El rarísimo GT3 y el mercado actual

Quizá la variante más evocadora para el purista es el Esprit GT3 de 1997, que rescataba el motor 2.0 del mercado italiano —el Type 920— con 240 CV y un peso inferior a 1.230 kg, lo que se traducía en una agilidad casi de kart. Solo se construyeron 190 unidades, ninguna de ellas importada oficialmente a Estados Unidos. Hoy esa rareza, sumada a la pureza de su concepto, lo sitúa en la antesala de los precios de un V8, a partir de los 70.000 dólares. Los S4 Turbo convencionales, por contra, todavía se mueven en una horquilla accesible: entre 35.000 y 45.000 dólares en el mercado estadounidense (unos 32.000 a 41.000 euros al cambio actual), mientras que un S4s en buen estado rara vez baja de los 50.000 dólares. Con todo, siguen siendo sensiblemente más asequibles que un Ferrari 348, un Porsche 911 Turbo de la generación 964 o incluso un NSX, sus rivales naturales de la época.

El último cuatro cilindros del Esprit es también el más depurado, una lección de cómo Colin Chapman entendía la ligereza y la eficacia dinámica.
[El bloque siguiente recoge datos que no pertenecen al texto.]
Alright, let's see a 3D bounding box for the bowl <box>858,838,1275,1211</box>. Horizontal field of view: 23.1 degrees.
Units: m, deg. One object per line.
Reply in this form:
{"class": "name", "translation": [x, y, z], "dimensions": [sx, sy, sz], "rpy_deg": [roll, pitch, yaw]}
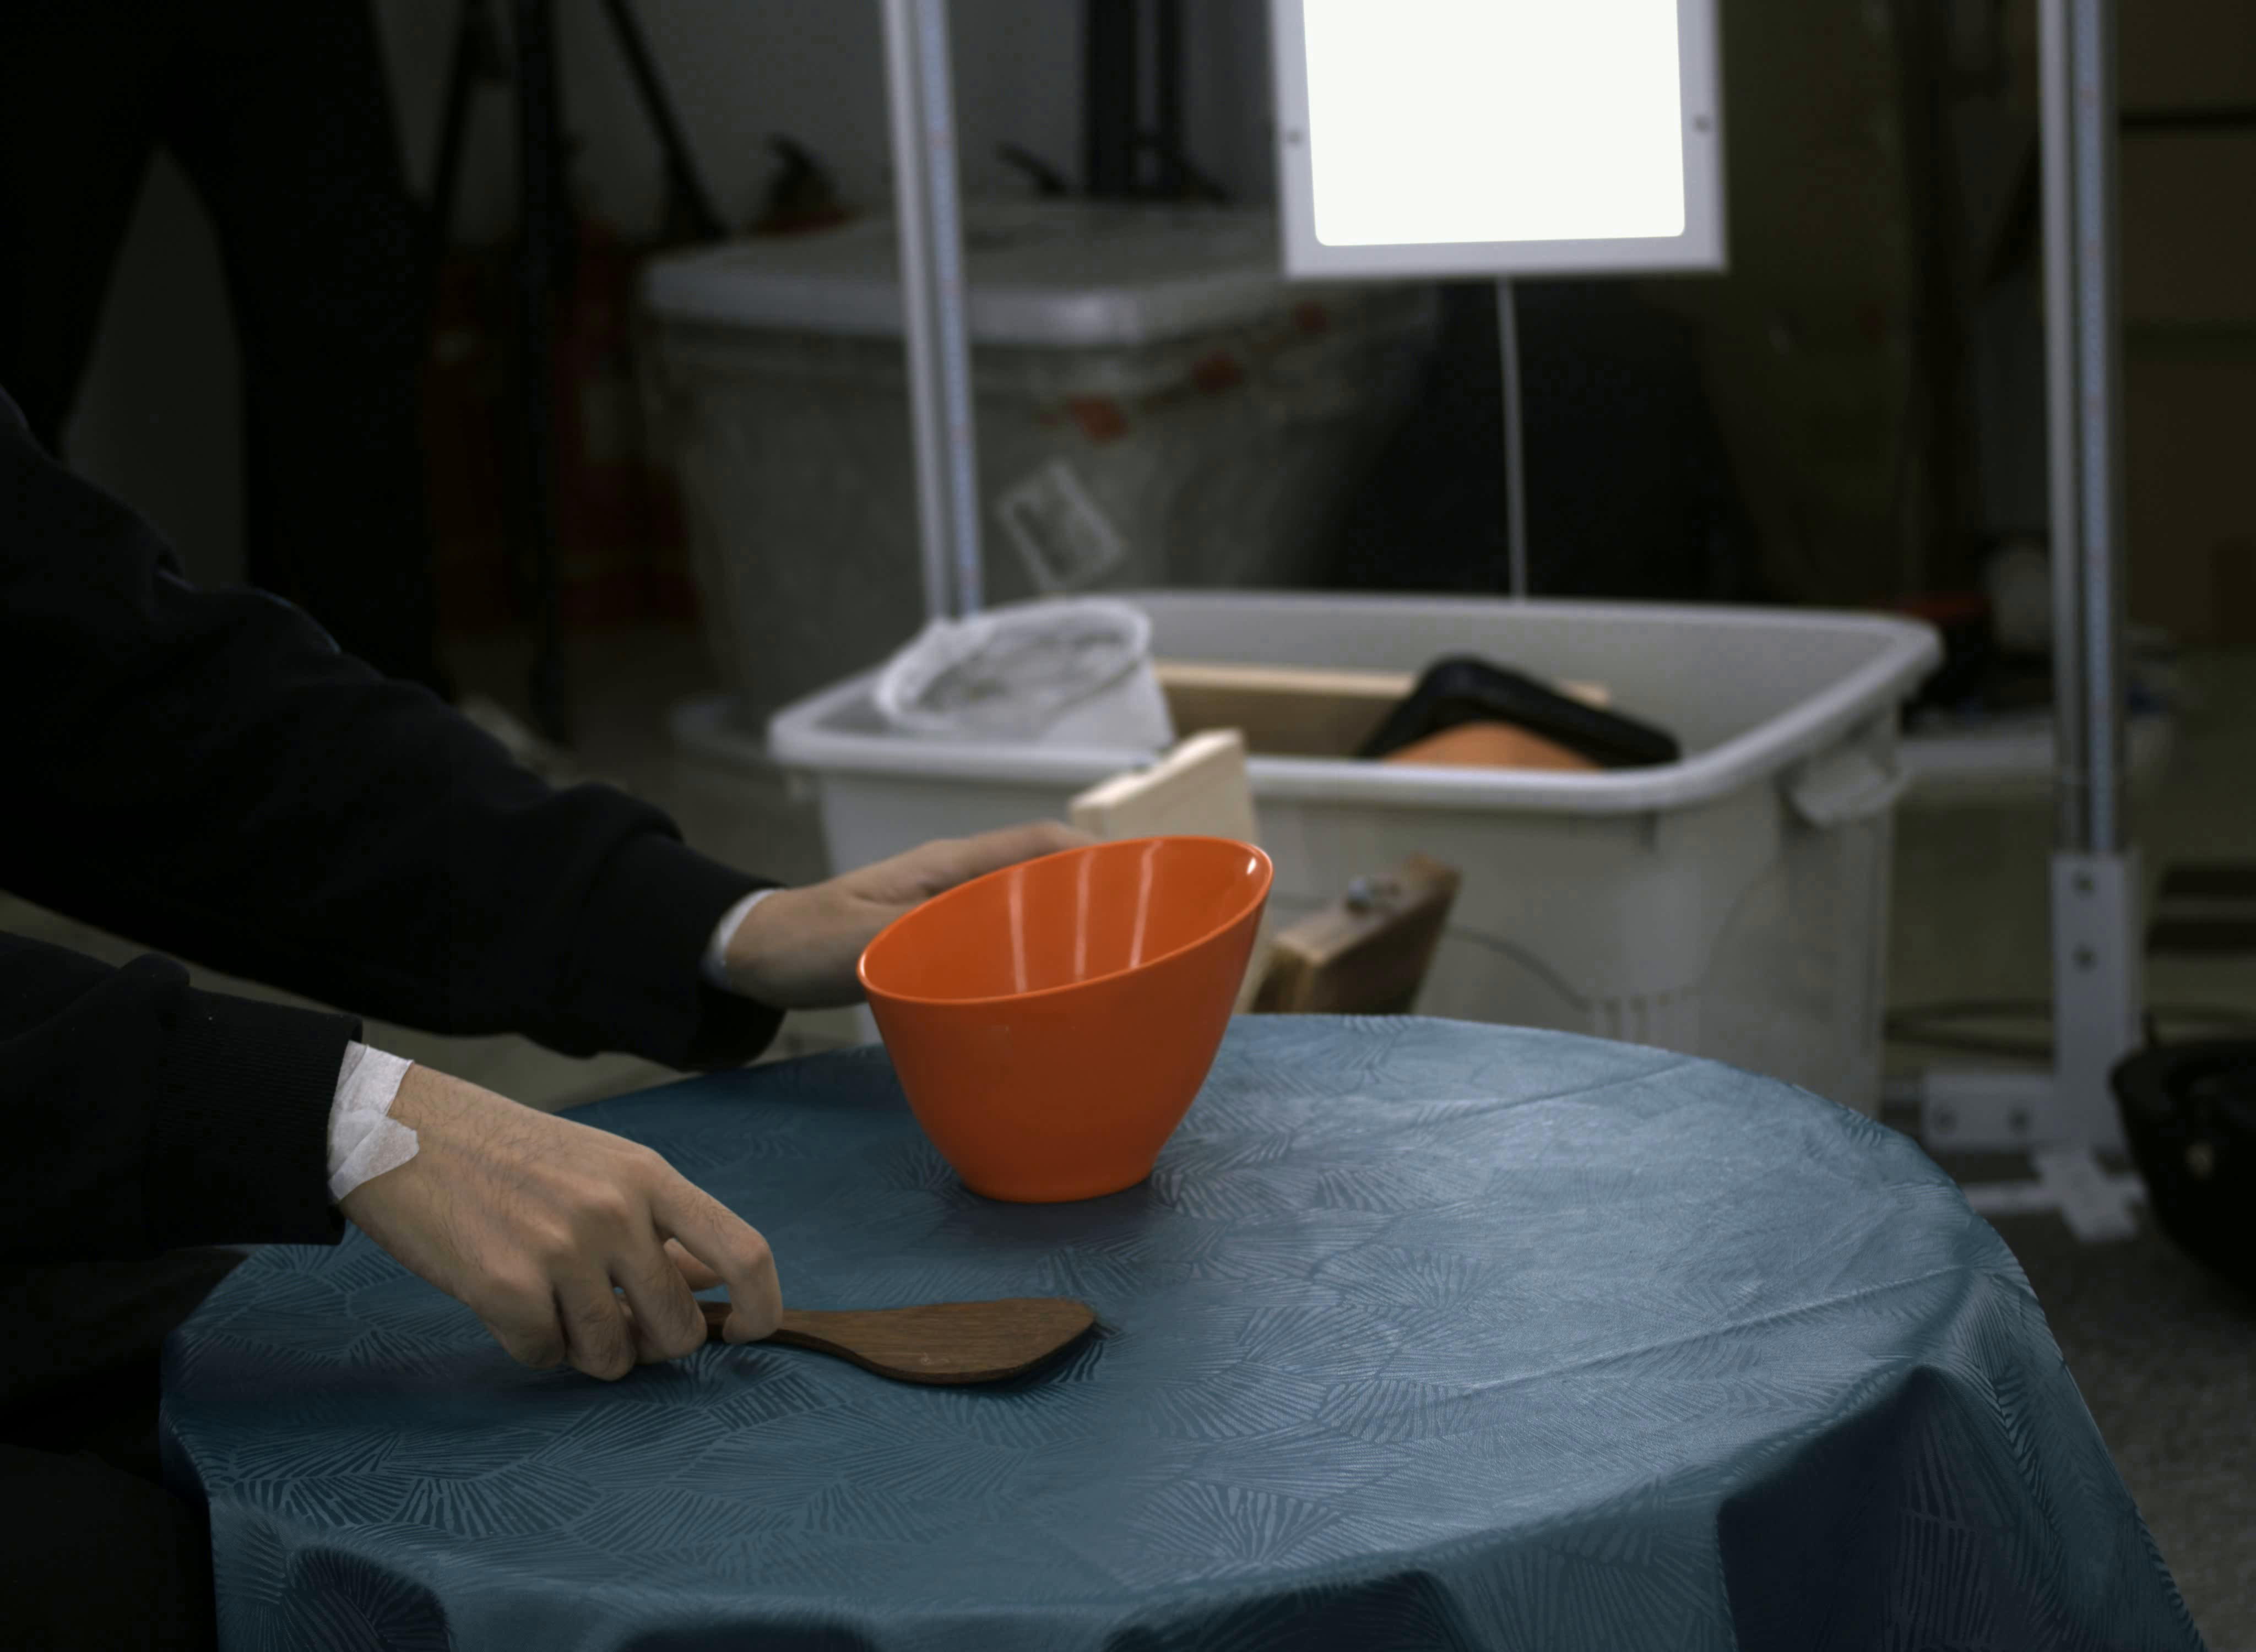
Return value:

Para quien se plantee la compra, el historial de mantenimiento es el verdadero pasaporte. Los motores de aluminio necesitan un anticongelante con inhibidor de corrosión específico y la costumbre de no dejar que el coche se caliente al ralentí: las levas se apoyan directamente sobre el aluminio de la culata y la lubricación a bajas revoluciones es precaria, así que conviene arrancar y circular de inmediato. Los puntos débiles son los habituales: colectores de escape fisurados por los ciclos térmicos, radiadores obstruidos y depósitos de combustible corroídos —si al abrir la puerta se percibe un fuerte olor a gasolina, la reparación es muy costosa—. La fibra de vidrio, fabricada desde la Serie 3 mediante el proceso VARI con refuerzo de Kevlar en techo y laterales, suele conservarse bien, pero no esperemos la calidad de un Corvette.